Task details: Determine how many lines of the data below contain "dxfattribs", then give only that number.

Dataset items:
=-=-=-=-=

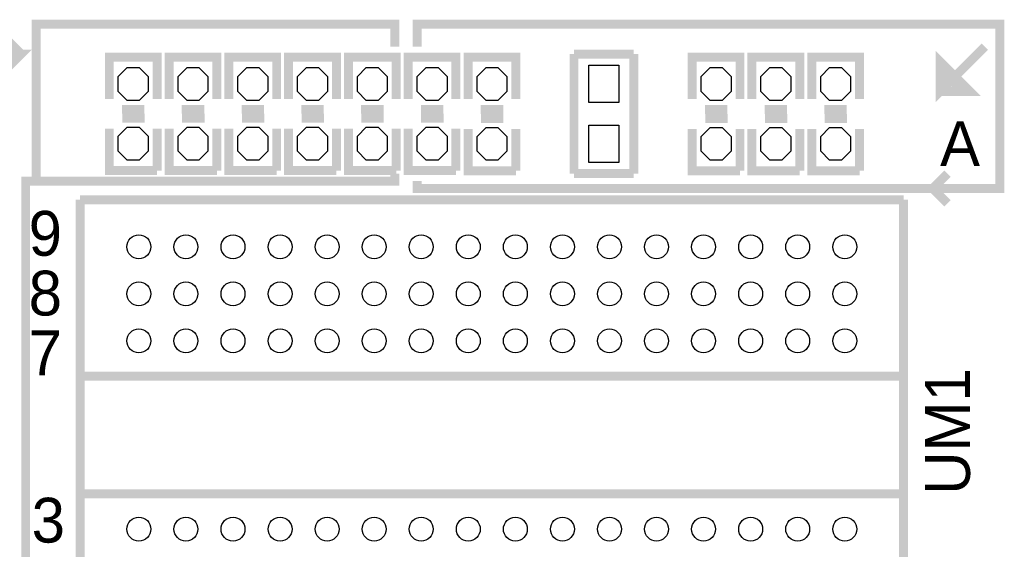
# Model space of a CAD drawing. Extents: x -86 to 498, y -49 to 361.
# Tile 24 of 31: x 44 to 61, y 47 to 56. Entities that reach past the tile are written whole.
import ezdxf

# ---------------------------------------------------------------- set-up
doc = ezdxf.new("R2010")
doc.units = 0
for name, color, linetype in [('BOARD_GEOMETRY_SILKSCREEN_TOP', 1, 'CONTINUOUS'), ('PACKAGE_GEOMETRY_SILKSCREEN_TOP', 3, 'CONTINUOUS'), ('PIN_TOP', 4, 'CONTINUOUS'), ('REF_DES_SILKSCREEN_TOP', 5, 'CONTINUOUS')]:
    doc.layers.add(name, color=color, linetype=linetype)

msp = doc.modelspace()

# ---------------------------------------------------------------- linework, layer by layer
at = {"layer": 'BOARD_GEOMETRY_SILKSCREEN_TOP', "const_width": 0.1524}
for points in [[(50.419, 55.88), (50.419, 56.261), (44.323, 56.261), (44.323, 53.594), (44.1452, 53.594), (44.1452, 45.212), (44.323, 45.212), (44.323, 45.2374), (44.1706, 45.2374)], [(50.8, 55.88), (50.8, 56.261), (60.706, 56.261), (60.706, 53.467), (50.8, 53.467), (50.8, 53.594)], [(42.672, 55.753), (44.069, 55.753), (43.815, 55.499), (43.815, 56.007), (44.069, 55.753)], [(60.452, 55.88), (59.69, 55.118), (59.69, 55.626), (60.198, 55.118), (59.69, 55.118), (59.69, 55.245), (59.817, 55.372), (59.944, 55.245), (59.944, 55.372), (59.817, 55.499), (59.817, 55.372)], [(44.323, 53.594), (50.419, 53.594), (50.419, 53.721)], [(59.817, 53.213), (59.563, 53.467), (59.817, 53.721)]]:
    msp.add_lwpolyline(points, dxfattribs=at)
at = {"layer": 'PACKAGE_GEOMETRY_SILKSCREEN_TOP', "const_width": 0.1524}
for points in [[(46.3804, 54.991), (46.3804, 55.7022), (45.5676, 55.7022), (45.5676, 54.991)], [(47.3964, 54.991), (47.3964, 55.7022), (46.5836, 55.7022), (46.5836, 54.991)], [(48.4124, 54.991), (48.4124, 55.7022), (47.5996, 55.7022), (47.5996, 54.991)], [(49.4284, 54.991), (49.4284, 55.7022), (48.6156, 55.7022), (48.6156, 54.991)], [(50.4444, 54.991), (50.4444, 55.7022), (49.6316, 55.7022), (49.6316, 54.991)], [(51.4604, 54.991), (51.4604, 55.7022), (50.6476, 55.7022), (50.6476, 54.991)], [(52.47894, 54.98846), (52.47894, 55.69966), (51.66614, 55.69966), (51.66614, 54.98846)], [(53.467, 55.753), (54.483, 55.753)], [(53.467, 53.721), (53.467, 55.753)], [(54.483, 55.753), (54.483, 53.721)], [(56.28894, 54.98846), (56.28894, 55.69966), (55.47614, 55.69966), (55.47614, 54.98846)], [(57.30494, 54.98846), (57.30494, 55.69966), (56.49214, 55.69966), (56.49214, 54.98846)], [(58.32094, 54.98846), (58.32094, 55.69966), (57.50814, 55.69966), (57.50814, 54.98846)], [(45.7835, 54.8132), (46.1645, 54.8132)], [(45.78858, 54.6608), (46.16958, 54.6608)], [(46.7995, 54.8132), (47.1805, 54.8132)], [(46.80458, 54.6608), (47.18558, 54.6608)], [(47.8155, 54.8132), (48.1965, 54.8132)], [(47.82058, 54.6608), (48.20158, 54.6608)], [(48.8315, 54.8132), (49.2125, 54.8132)], [(48.83658, 54.6608), (49.21758, 54.6608)], [(49.8475, 54.8132), (50.2285, 54.8132)], [(49.85258, 54.6608), (50.23358, 54.6608)], [(50.8635, 54.8132), (51.2445, 54.8132)], [(50.86858, 54.6608), (51.24958, 54.6608)], [(51.88204, 54.81066), (52.26304, 54.81066)], [(55.69204, 54.81066), (56.07304, 54.81066)], [(56.70804, 54.81066), (57.08904, 54.81066)], [(57.72404, 54.81066), (58.10504, 54.81066)], [(51.88712, 54.65826), (52.26812, 54.65826)], [(55.69712, 54.65826), (56.07812, 54.65826)], [(56.71312, 54.65826), (57.09412, 54.65826)], [(57.72912, 54.65826), (58.11012, 54.65826)], [(45.5676, 54.483), (45.5676, 53.7718), (46.3804, 53.7718)], [(46.3804, 53.7718), (46.3804, 54.483)], [(46.5836, 54.483), (46.5836, 53.7718), (47.3964, 53.7718)], [(47.3964, 53.7718), (47.3964, 54.483)], [(47.5996, 54.483), (47.5996, 53.7718), (48.4124, 53.7718)], [(48.4124, 53.7718), (48.4124, 54.483)], [(48.6156, 54.483), (48.6156, 53.7718), (49.4284, 53.7718)], [(49.4284, 53.7718), (49.4284, 54.483)], [(49.6316, 54.483), (49.6316, 53.7718), (50.4444, 53.7718)], [(50.4444, 53.7718), (50.4444, 54.483)], [(50.6476, 54.483), (50.6476, 53.7718), (51.4604, 53.7718)], [(51.4604, 53.7718), (51.4604, 54.483)], [(51.66614, 54.48046), (51.66614, 53.76926), (52.47894, 53.76926)], [(52.47894, 53.76926), (52.47894, 54.48046)], [(55.47614, 54.48046), (55.47614, 53.76926), (56.28894, 53.76926)], [(56.28894, 53.76926), (56.28894, 54.48046)], [(56.49214, 54.48046), (56.49214, 53.76926), (57.30494, 53.76926)], [(57.30494, 53.76926), (57.30494, 54.48046)], [(57.50814, 54.48046), (57.50814, 53.76926), (58.32094, 53.76926)], [(58.32094, 53.76926), (58.32094, 54.48046)], [(54.483, 53.721), (53.467, 53.721)], [(45.070014, 53.2765), (45.070014, 45.276516)], [(59.069986, 53.2765), (45.070014, 53.2765)], [(59.069986, 45.276516), (59.069986, 53.2765)], [(45.070014, 50.276506), (59.069986, 50.276506)], [(45.070014, 48.27651), (59.069986, 48.27651)]]:
    msp.add_lwpolyline(points, dxfattribs=at)
at = {"layer": 'PIN_TOP'}
for points in [[(45.72, 55.372), (45.8724, 55.5244), (46.0756, 55.5244), (46.228, 55.372), (46.228, 55.118), (46.0756, 54.9656), (45.8724, 54.9656), (45.72, 55.118)], [(46.736, 55.372), (46.8884, 55.5244), (47.0916, 55.5244), (47.244, 55.372), (47.244, 55.118), (47.0916, 54.9656), (46.8884, 54.9656), (46.736, 55.118)], [(47.752, 55.372), (47.9044, 55.5244), (48.1076, 55.5244), (48.26, 55.372), (48.26, 55.118), (48.1076, 54.9656), (47.9044, 54.9656), (47.752, 55.118)], [(48.768, 55.372), (48.9204, 55.5244), (49.1236, 55.5244), (49.276, 55.372), (49.276, 55.118), (49.1236, 54.9656), (48.9204, 54.9656), (48.768, 55.118)], [(49.784, 55.372), (49.9364, 55.5244), (50.1396, 55.5244), (50.292, 55.372), (50.292, 55.118), (50.1396, 54.9656), (49.9364, 54.9656), (49.784, 55.118)], [(50.8, 55.372), (50.9524, 55.5244), (51.1556, 55.5244), (51.308, 55.372), (51.308, 55.118), (51.1556, 54.9656), (50.9524, 54.9656), (50.8, 55.118)], [(51.81854, 55.36946), (51.97094, 55.52186), (52.17414, 55.52186), (52.32654, 55.36946), (52.32654, 55.11546), (52.17414, 54.96306), (51.97094, 54.96306), (51.81854, 55.11546)], [(53.721, 55.5625), (54.229, 55.5625), (54.229, 54.9275), (53.721, 54.9275)], [(55.62854, 55.36946), (55.78094, 55.52186), (55.98414, 55.52186), (56.13654, 55.36946), (56.13654, 55.11546), (55.98414, 54.96306), (55.78094, 54.96306), (55.62854, 55.11546)], [(56.64454, 55.36946), (56.79694, 55.52186), (57.00014, 55.52186), (57.15254, 55.36946), (57.15254, 55.11546), (57.00014, 54.96306), (56.79694, 54.96306), (56.64454, 55.11546)], [(57.66054, 55.36946), (57.81294, 55.52186), (58.01614, 55.52186), (58.16854, 55.36946), (58.16854, 55.11546), (58.01614, 54.96306), (57.81294, 54.96306), (57.66054, 55.11546)], [(45.72, 54.356), (45.8724, 54.5084), (46.0756, 54.5084), (46.228, 54.356), (46.228, 54.102), (46.0756, 53.9496), (45.8724, 53.9496), (45.72, 54.102)], [(46.736, 54.356), (46.8884, 54.5084), (47.0916, 54.5084), (47.244, 54.356), (47.244, 54.102), (47.0916, 53.9496), (46.8884, 53.9496), (46.736, 54.102)], [(47.752, 54.356), (47.9044, 54.5084), (48.1076, 54.5084), (48.26, 54.356), (48.26, 54.102), (48.1076, 53.9496), (47.9044, 53.9496), (47.752, 54.102)], [(48.768, 54.356), (48.9204, 54.5084), (49.1236, 54.5084), (49.276, 54.356), (49.276, 54.102), (49.1236, 53.9496), (48.9204, 53.9496), (48.768, 54.102)], [(49.784, 54.356), (49.9364, 54.5084), (50.1396, 54.5084), (50.292, 54.356), (50.292, 54.102), (50.1396, 53.9496), (49.9364, 53.9496), (49.784, 54.102)], [(50.8, 54.356), (50.9524, 54.5084), (51.1556, 54.5084), (51.308, 54.356), (51.308, 54.102), (51.1556, 53.9496), (50.9524, 53.9496), (50.8, 54.102)], [(51.81854, 54.35346), (51.97094, 54.50586), (52.17414, 54.50586), (52.32654, 54.35346), (52.32654, 54.09946), (52.17414, 53.94706), (51.97094, 53.94706), (51.81854, 54.09946)], [(53.721, 54.5465), (54.229, 54.5465), (54.229, 53.9115), (53.721, 53.9115)], [(55.62854, 54.35346), (55.78094, 54.50586), (55.98414, 54.50586), (56.13654, 54.35346), (56.13654, 54.09946), (55.98414, 53.94706), (55.78094, 53.94706), (55.62854, 54.09946)], [(56.64454, 54.35346), (56.79694, 54.50586), (57.00014, 54.50586), (57.15254, 54.35346), (57.15254, 54.09946), (57.00014, 53.94706), (56.79694, 53.94706), (56.64454, 54.09946)], [(57.66054, 54.35346), (57.81294, 54.50586), (58.01614, 54.50586), (58.16854, 54.35346), (58.16854, 54.09946), (58.01614, 53.94706), (57.81294, 53.94706), (57.66054, 54.09946)]]:
    msp.add_lwpolyline(points, close=True, dxfattribs=at)
for centre in [(46.070012, 52.4764), (46.869858, 52.4764), (47.669958, 52.4764), (48.470058, 52.4764), (49.269904, 52.4764), (50.070004, 52.4764), (50.86985, 52.4764), (51.66995, 52.4764), (52.47005, 52.4764), (53.269896, 52.4764), (54.069996, 52.4764), (54.870096, 52.4764), (55.669942, 52.4764), (56.470042, 52.4764), (57.269888, 52.4764), (58.069988, 52.4764), (46.070012, 51.676554), (46.869858, 51.676554), (47.669958, 51.676554), (48.470058, 51.676554), (49.269904, 51.676554), (50.070004, 51.676554), (50.86985, 51.676554), (51.66995, 51.676554), (52.47005, 51.676554), (53.269896, 51.676554), (54.069996, 51.676554), (54.870096, 51.676554), (55.669942, 51.676554), (56.470042, 51.676554), (57.269888, 51.676554), (58.069988, 51.676554), (46.070012, 50.876454), (46.869858, 50.876454), (47.669958, 50.876454), (48.470058, 50.876454), (49.269904, 50.876454), (50.070004, 50.876454), (50.86985, 50.876454), (51.66995, 50.876454), (52.47005, 50.876454), (53.269896, 50.876454), (54.069996, 50.876454), (54.870096, 50.876454), (55.669942, 50.876454), (56.470042, 50.876454), (57.269888, 50.876454), (58.069988, 50.876454), (46.070012, 47.676562), (46.869858, 47.676562), (47.669958, 47.676562), (48.470058, 47.676562), (49.269904, 47.676562), (50.070004, 47.676562), (50.86985, 47.676562), (51.66995, 47.676562), (52.47005, 47.676562), (53.269896, 47.676562), (54.069996, 47.676562), (54.870096, 47.676562), (55.669942, 47.676562), (56.470042, 47.676562), (57.269888, 47.676562), (58.069988, 47.676562)]:
    msp.add_circle(centre, 0.2032, dxfattribs=at)

# ---------------------------------------------------------------- texts
at = {"layer": 'BOARD_GEOMETRY_SILKSCREEN_TOP'}
msp.add_text('A', height=0.762, dxfattribs=at).set_placement((59.69, 53.848))
at = {"layer": 'PACKAGE_GEOMETRY_SILKSCREEN_TOP'}
for s, p in [('9', (44.196, 52.324)), ('8', (44.196, 51.308)), ('7', (44.196, 50.292)), ('3', (44.2468, 47.4472))]:
    msp.add_text(s, height=0.762, dxfattribs=at).set_placement(p)
at = {"layer": 'REF_DES_SILKSCREEN_TOP'}
msp.add_text('UM1', height=0.762, rotation=90, dxfattribs=at).set_placement((60.198, 48.26))

doc.saveas('drawing.dxf')

=-=-=-=-=

Written reply: 7